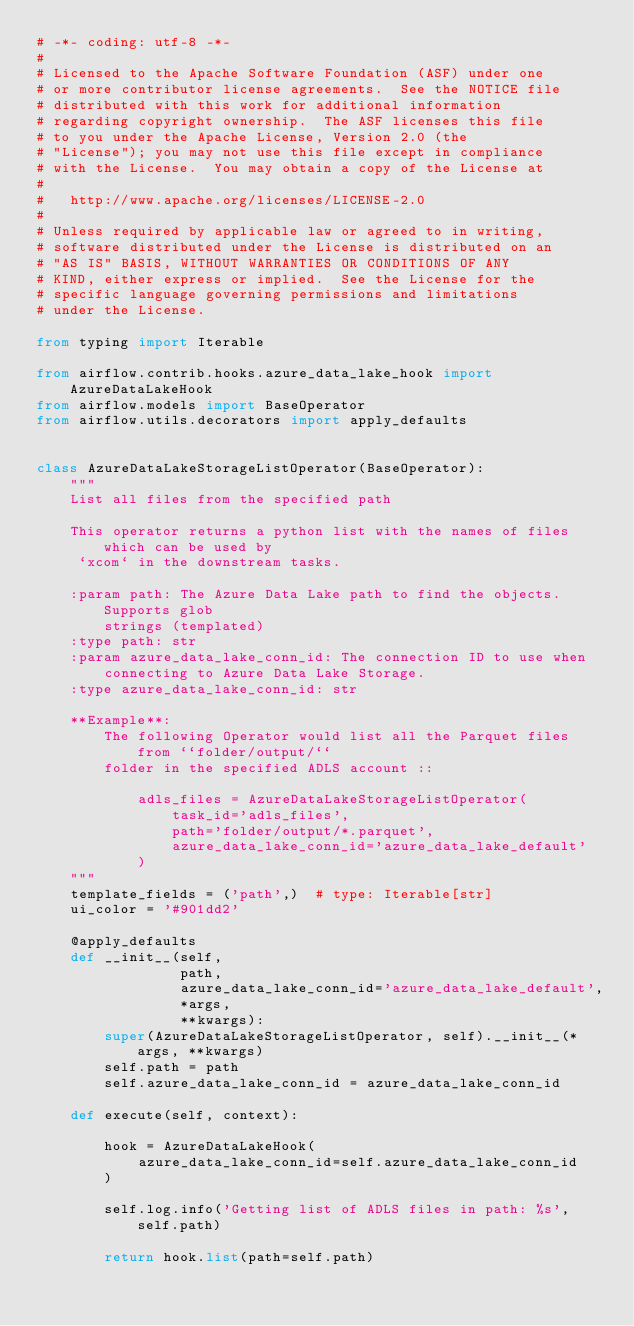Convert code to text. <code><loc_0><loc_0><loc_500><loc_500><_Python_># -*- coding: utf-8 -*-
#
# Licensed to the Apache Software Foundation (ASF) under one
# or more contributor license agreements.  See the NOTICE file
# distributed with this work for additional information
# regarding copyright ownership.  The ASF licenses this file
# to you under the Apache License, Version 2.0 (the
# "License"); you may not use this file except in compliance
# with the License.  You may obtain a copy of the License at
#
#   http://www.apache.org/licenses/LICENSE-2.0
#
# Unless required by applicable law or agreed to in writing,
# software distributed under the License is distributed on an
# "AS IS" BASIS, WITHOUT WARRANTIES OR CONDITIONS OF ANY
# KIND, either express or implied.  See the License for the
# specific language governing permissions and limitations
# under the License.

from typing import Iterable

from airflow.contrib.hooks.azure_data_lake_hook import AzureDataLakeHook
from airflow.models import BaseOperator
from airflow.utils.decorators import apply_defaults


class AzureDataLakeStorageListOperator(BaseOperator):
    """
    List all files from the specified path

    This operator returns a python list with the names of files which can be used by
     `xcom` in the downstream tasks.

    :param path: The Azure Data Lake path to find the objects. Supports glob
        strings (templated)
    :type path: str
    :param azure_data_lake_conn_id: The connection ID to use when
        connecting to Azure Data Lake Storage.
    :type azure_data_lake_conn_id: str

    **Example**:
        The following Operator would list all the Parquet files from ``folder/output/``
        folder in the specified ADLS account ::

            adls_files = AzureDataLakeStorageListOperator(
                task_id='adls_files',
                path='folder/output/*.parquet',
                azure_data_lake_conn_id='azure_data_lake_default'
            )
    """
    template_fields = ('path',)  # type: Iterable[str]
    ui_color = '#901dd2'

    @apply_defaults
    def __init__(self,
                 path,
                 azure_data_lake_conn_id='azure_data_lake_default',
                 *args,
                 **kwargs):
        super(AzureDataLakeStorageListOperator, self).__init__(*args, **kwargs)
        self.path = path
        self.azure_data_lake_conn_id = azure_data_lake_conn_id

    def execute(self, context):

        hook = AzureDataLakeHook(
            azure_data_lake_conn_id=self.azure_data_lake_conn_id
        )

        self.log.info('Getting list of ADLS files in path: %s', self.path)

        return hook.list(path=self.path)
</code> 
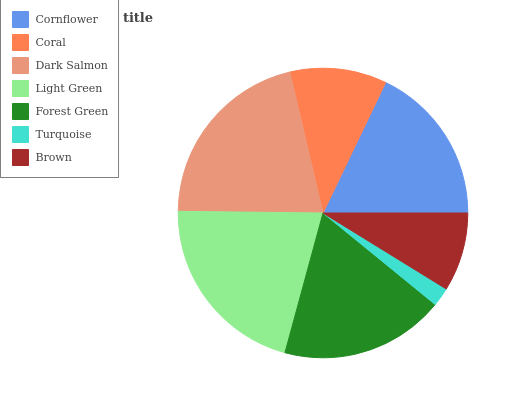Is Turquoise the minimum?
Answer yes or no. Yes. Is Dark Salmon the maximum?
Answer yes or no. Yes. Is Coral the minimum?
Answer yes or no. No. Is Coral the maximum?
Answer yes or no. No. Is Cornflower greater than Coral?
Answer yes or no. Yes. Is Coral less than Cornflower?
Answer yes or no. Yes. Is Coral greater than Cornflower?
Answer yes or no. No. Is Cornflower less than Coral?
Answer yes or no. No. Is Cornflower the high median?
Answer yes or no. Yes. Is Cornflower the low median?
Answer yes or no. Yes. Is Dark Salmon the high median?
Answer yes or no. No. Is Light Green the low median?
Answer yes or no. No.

■ ■ ■ ■

Leaving the pictures aside, output each entry above exactly as written.

● RESPONSE TO THIS EXERCISE:
Convert code to text. <code><loc_0><loc_0><loc_500><loc_500><_Python_># -*- coding: utf-8 -*-
#
# Licensed to the Apache Software Foundation (ASF) under one
# or more contributor license agreements.  See the NOTICE file
# distributed with this work for additional information
# regarding copyright ownership.  The ASF licenses this file
# to you under the Apache License, Version 2.0 (the
# "License"); you may not use this file except in compliance
# with the License.  You may obtain a copy of the License at
#
#   http://www.apache.org/licenses/LICENSE-2.0
#
# Unless required by applicable law or agreed to in writing,
# software distributed under the License is distributed on an
# "AS IS" BASIS, WITHOUT WARRANTIES OR CONDITIONS OF ANY
# KIND, either express or implied.  See the License for the
# specific language governing permissions and limitations
# under the License.

from typing import Iterable

from airflow.contrib.hooks.azure_data_lake_hook import AzureDataLakeHook
from airflow.models import BaseOperator
from airflow.utils.decorators import apply_defaults


class AzureDataLakeStorageListOperator(BaseOperator):
    """
    List all files from the specified path

    This operator returns a python list with the names of files which can be used by
     `xcom` in the downstream tasks.

    :param path: The Azure Data Lake path to find the objects. Supports glob
        strings (templated)
    :type path: str
    :param azure_data_lake_conn_id: The connection ID to use when
        connecting to Azure Data Lake Storage.
    :type azure_data_lake_conn_id: str

    **Example**:
        The following Operator would list all the Parquet files from ``folder/output/``
        folder in the specified ADLS account ::

            adls_files = AzureDataLakeStorageListOperator(
                task_id='adls_files',
                path='folder/output/*.parquet',
                azure_data_lake_conn_id='azure_data_lake_default'
            )
    """
    template_fields = ('path',)  # type: Iterable[str]
    ui_color = '#901dd2'

    @apply_defaults
    def __init__(self,
                 path,
                 azure_data_lake_conn_id='azure_data_lake_default',
                 *args,
                 **kwargs):
        super(AzureDataLakeStorageListOperator, self).__init__(*args, **kwargs)
        self.path = path
        self.azure_data_lake_conn_id = azure_data_lake_conn_id

    def execute(self, context):

        hook = AzureDataLakeHook(
            azure_data_lake_conn_id=self.azure_data_lake_conn_id
        )

        self.log.info('Getting list of ADLS files in path: %s', self.path)

        return hook.list(path=self.path)
</code> 
Is Turquoise the minimum?
Answer yes or no. Yes. Is Dark Salmon the maximum?
Answer yes or no. Yes. Is Coral the minimum?
Answer yes or no. No. Is Coral the maximum?
Answer yes or no. No. Is Cornflower greater than Coral?
Answer yes or no. Yes. Is Coral less than Cornflower?
Answer yes or no. Yes. Is Coral greater than Cornflower?
Answer yes or no. No. Is Cornflower less than Coral?
Answer yes or no. No. Is Cornflower the high median?
Answer yes or no. Yes. Is Cornflower the low median?
Answer yes or no. Yes. Is Dark Salmon the high median?
Answer yes or no. No. Is Light Green the low median?
Answer yes or no. No.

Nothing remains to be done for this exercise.